When Fig. 5 water-cement ratio is 0.18, magnesium phosphorus compares the influence of compression strength;
When Fig. 6 water-cement ratio is 0.21, magnesium phosphorus compares the influence of compression strength;
Fig. 7 water-cement ratio be 0.21 when, compression strength with magnesium phosphorus ratio variation;
When Fig. 8 magnesium phosphorus ratio is 7.0, influence of the water-cement ratio to setting time;
When Fig. 9 magnesium phosphorus ratio is 8.5, influence of the water-cement ratio to setting time;
When Figure 10 magnesium phosphorus ratio is 7.0, influence of the water-cement ratio to mobility;
When Figure 11 magnesium phosphorus ratio is 8.5, influence of the water-cement ratio to mobility;
When Figure 12 magnesium phosphorus ratio is 5.5, influence of the water-cement ratio to compression strength;
When Figure 13 magnesium phosphorus ratio is 7.0, influence of the water-cement ratio to compression strength;
When Figure 14 magnesium phosphorus ratio is 8.5, influence of the water-cement ratio to setting time;
Figure 15 magnesium phosphorus is than the influence with water-cement ratio to flexural strength;
When Figure 16 water-cement ratio is 0.18, influence of the introducing of flyash to magnesium phosphate cement setting time and mobility;
When Figure 17 water-cement ratio is 0.21, influence of the introducing of flyash to magnesium phosphate cement setting time and mobility;
When Figure 18 water-cement ratio is 0.18, influence of the doping quantity of fly ash to magnesium phosphate cement compression strength;
When Figure 19 water-cement ratio is 0.21, influence of the doping quantity of fly ash to magnesium phosphate cement compression strength;
Influence of Figure 20 doping quantity of fly ash to magnesium phosphate cement flexural strength;
When Figure 21 water-cement ratio is 0.18, doping quantity of fly ash is to resistance to compression after magnesium phosphate cement 28d compression strength and its immersion 7d
The influence of intensity;
When Figure 22 water-cement ratio is 0.18, influence of the mobility to coefficient of softing after flyash doping;
When Figure 23 water-cement ratio is 0.21, doping quantity of fly ash is to resistance to compression after magnesium phosphate cement 28d compression strength and its immersion 7d
The influence of intensity;
When Figure 24 water-cement ratio is 0.21, influence of the mobility to coefficient of softing after flyash doping;
Figure 25 water-cement ratio is 0.24, and magnesium phosphorus compares the influence of coefficient of softing;
Influence of the flyash mixed dosage of Figure 26 to coefficient of softing.
Specific embodiment
The application provides a kind of magnesium phosphate cement comprising: magnesia, potassium dihydrogen phosphate, sand, borax, flyash and water.

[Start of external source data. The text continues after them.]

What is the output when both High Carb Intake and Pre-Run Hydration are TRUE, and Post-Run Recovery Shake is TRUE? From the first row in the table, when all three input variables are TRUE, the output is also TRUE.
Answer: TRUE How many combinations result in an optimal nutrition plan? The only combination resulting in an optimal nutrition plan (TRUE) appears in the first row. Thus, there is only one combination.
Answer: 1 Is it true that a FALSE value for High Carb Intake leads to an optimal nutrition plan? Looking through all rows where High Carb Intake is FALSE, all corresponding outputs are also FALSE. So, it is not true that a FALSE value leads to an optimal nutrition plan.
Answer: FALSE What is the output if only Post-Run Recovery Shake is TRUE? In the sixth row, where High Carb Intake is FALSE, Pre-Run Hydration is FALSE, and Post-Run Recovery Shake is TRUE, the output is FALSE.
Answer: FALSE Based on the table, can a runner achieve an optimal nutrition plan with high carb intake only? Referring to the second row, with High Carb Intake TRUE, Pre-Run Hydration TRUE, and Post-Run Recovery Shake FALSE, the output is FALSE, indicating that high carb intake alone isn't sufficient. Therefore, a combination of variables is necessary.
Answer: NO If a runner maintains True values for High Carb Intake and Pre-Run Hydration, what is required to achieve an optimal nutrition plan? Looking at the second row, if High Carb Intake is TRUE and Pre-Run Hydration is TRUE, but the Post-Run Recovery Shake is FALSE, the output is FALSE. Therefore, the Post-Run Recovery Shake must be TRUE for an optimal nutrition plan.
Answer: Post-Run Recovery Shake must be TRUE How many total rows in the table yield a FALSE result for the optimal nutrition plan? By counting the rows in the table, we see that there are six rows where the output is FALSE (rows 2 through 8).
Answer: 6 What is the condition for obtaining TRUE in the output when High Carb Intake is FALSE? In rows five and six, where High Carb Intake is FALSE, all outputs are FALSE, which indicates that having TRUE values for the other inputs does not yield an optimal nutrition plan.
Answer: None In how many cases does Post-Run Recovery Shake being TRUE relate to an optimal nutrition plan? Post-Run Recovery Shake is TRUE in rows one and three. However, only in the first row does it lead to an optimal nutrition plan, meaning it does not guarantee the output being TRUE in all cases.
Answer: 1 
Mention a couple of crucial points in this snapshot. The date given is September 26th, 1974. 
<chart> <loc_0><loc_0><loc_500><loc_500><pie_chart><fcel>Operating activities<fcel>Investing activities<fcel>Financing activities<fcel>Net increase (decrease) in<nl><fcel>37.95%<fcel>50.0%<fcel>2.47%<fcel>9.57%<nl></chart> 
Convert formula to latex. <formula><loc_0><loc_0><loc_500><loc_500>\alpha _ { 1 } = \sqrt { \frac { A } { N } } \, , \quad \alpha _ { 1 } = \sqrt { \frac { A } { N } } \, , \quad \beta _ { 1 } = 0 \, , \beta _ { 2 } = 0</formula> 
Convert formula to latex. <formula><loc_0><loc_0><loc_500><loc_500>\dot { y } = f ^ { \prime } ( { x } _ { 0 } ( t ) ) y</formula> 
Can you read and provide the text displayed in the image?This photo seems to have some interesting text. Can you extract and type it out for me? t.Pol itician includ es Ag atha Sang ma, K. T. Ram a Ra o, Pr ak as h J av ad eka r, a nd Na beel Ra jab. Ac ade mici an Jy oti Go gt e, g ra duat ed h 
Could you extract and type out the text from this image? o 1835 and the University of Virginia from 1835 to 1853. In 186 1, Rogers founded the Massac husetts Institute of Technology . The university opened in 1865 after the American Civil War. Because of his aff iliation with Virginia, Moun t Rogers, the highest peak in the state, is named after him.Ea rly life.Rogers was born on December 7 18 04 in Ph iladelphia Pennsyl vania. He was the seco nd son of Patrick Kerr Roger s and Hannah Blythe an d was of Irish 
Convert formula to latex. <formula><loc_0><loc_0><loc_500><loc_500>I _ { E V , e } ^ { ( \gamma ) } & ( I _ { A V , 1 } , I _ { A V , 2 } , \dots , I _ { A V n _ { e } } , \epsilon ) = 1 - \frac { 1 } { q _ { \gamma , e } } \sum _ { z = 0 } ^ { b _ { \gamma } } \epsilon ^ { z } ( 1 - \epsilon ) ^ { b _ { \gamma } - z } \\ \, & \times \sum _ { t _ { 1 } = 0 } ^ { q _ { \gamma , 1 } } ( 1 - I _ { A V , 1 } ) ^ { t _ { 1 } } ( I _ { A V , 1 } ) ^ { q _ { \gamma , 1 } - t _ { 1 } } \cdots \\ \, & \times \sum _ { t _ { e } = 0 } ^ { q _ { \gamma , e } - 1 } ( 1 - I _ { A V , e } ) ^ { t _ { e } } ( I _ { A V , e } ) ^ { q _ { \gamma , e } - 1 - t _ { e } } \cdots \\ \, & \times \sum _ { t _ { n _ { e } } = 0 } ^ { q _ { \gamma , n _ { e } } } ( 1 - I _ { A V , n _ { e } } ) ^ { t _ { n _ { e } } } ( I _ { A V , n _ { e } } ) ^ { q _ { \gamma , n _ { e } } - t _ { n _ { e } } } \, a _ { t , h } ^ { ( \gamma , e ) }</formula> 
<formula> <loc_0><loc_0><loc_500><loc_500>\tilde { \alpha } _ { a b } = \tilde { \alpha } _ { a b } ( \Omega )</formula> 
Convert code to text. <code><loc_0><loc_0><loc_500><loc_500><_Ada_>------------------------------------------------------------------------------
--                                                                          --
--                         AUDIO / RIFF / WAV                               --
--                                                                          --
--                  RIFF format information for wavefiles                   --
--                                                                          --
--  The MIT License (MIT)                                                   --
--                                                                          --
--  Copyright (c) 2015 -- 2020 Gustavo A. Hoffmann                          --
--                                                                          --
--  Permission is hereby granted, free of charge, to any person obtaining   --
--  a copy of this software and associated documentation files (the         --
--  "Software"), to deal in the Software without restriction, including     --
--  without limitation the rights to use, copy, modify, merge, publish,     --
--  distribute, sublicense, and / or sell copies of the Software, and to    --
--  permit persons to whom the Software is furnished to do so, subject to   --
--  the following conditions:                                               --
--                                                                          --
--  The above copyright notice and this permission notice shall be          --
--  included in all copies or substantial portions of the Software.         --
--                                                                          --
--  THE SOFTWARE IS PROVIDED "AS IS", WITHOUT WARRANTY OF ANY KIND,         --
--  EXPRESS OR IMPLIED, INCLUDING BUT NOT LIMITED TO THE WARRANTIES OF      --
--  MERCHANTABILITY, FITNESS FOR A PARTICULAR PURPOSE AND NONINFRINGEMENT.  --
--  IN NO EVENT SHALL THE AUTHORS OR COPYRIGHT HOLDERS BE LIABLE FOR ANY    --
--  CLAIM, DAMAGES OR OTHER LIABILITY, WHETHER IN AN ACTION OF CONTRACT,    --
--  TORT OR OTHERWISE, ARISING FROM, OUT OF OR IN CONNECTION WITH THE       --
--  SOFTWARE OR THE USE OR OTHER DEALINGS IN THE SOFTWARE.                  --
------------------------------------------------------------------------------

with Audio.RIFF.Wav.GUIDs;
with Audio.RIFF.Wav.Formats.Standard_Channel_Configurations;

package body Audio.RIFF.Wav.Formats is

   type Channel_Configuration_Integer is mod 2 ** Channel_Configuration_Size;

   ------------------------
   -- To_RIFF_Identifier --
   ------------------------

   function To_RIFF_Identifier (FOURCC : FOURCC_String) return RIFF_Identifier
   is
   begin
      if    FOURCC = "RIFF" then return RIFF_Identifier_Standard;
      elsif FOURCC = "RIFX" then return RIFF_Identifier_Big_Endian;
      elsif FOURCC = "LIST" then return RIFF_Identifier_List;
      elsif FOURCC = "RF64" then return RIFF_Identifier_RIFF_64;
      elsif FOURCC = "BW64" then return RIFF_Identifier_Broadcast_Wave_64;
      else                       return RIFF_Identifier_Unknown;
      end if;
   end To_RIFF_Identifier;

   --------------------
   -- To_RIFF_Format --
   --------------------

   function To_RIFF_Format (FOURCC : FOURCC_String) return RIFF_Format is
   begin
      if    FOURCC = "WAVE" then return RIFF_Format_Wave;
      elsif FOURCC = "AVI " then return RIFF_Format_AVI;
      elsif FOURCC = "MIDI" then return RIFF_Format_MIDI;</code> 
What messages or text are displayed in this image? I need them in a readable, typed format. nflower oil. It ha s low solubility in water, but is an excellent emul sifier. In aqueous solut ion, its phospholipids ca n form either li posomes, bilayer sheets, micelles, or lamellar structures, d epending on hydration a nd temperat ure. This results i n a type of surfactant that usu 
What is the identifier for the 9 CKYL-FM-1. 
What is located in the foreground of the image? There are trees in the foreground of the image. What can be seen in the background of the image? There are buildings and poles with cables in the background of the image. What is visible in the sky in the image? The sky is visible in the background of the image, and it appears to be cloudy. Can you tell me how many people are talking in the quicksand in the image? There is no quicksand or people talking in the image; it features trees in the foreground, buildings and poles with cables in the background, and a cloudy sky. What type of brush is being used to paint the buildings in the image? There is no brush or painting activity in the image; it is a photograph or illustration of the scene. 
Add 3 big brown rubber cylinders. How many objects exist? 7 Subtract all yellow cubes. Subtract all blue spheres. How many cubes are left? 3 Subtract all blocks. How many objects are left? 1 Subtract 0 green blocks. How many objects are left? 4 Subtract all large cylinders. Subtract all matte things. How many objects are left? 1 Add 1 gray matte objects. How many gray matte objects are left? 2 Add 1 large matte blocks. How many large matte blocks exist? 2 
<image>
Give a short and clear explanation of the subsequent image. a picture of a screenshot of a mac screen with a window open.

Wherein, the magnesium phosphorus molar ratio of cement be preferably 7.0-8.5, further preferably 7.0.
Wherein, water-cement ratio is preferably 0.18-0.21, and further preferably 0.21.
Wherein, borax volume is the 5%-10% of magnesia quality.
Wherein, the mass percent of coal ash instead magnesium phosphate cement is 15%, substitutes the quality meaning of magnesium phosphate cement
For, the quality of two kinds of substances of the magnesia for being to maintain magnesium phosphorus ratio and potassium dihydrogen phosphate of coal ash instead and.
Magnesia and phosphatic theoretical molar ratio are 1: 1, and still, due to the limitation of reaction condition, magnesia can not
Reaction is all participated in, cannot all be consumed, basic bone of the remaining unhydrated magnesium oxide particle as magnesium phosphate cement
Frame, therefore an optimal ratio is certainly existed for the reaction, so that the best performance of magnesium phosphate cement.Magnesium phosphorus ratio is to influence
The principal element of magnesium phosphate cement performance, since magnesia will not all participate in reaction process, a large amount of residue magnesium oxide particles are made
For skeleton, with hydrated product MgKPO4·6H2O is as Binder Phase, while matrix can be improved in a large amount of unhydrated magnesium oxide particles
Wear-resisting property, the determination of magnesium phosphorus ratio is most important for magnesium phosphate cement optimization of mix proportion, the present invention by test, magnesium
Phosphorus ratio is at 7.0, magnesium phosphate cement intensity with higher, good working performance and excellent fracture resistance.
Magnesium phosphate cement is more sensitive to water, therefore influence of the water-cement ratio for its performance is more significant, compares with magnesium phosphorus
Interaction often influences the deciding factor of magnesium phosphate cement mechanical performance and working performance.Magnesium phosphate cement workability
It can be influenced by water-cement ratio more obvious, as water-cement ratio increases, setting time increases therewith, and mobility is consequently increased, by force
Degree reduces.Water-cement ratio has an effect on the contraction and the performances such as porosity and permeability of magnesium phosphate cement, water-cement ratio at 0.21,
Magnesium phosphate cement intensity with higher, good working performance and excellent fracture resistance.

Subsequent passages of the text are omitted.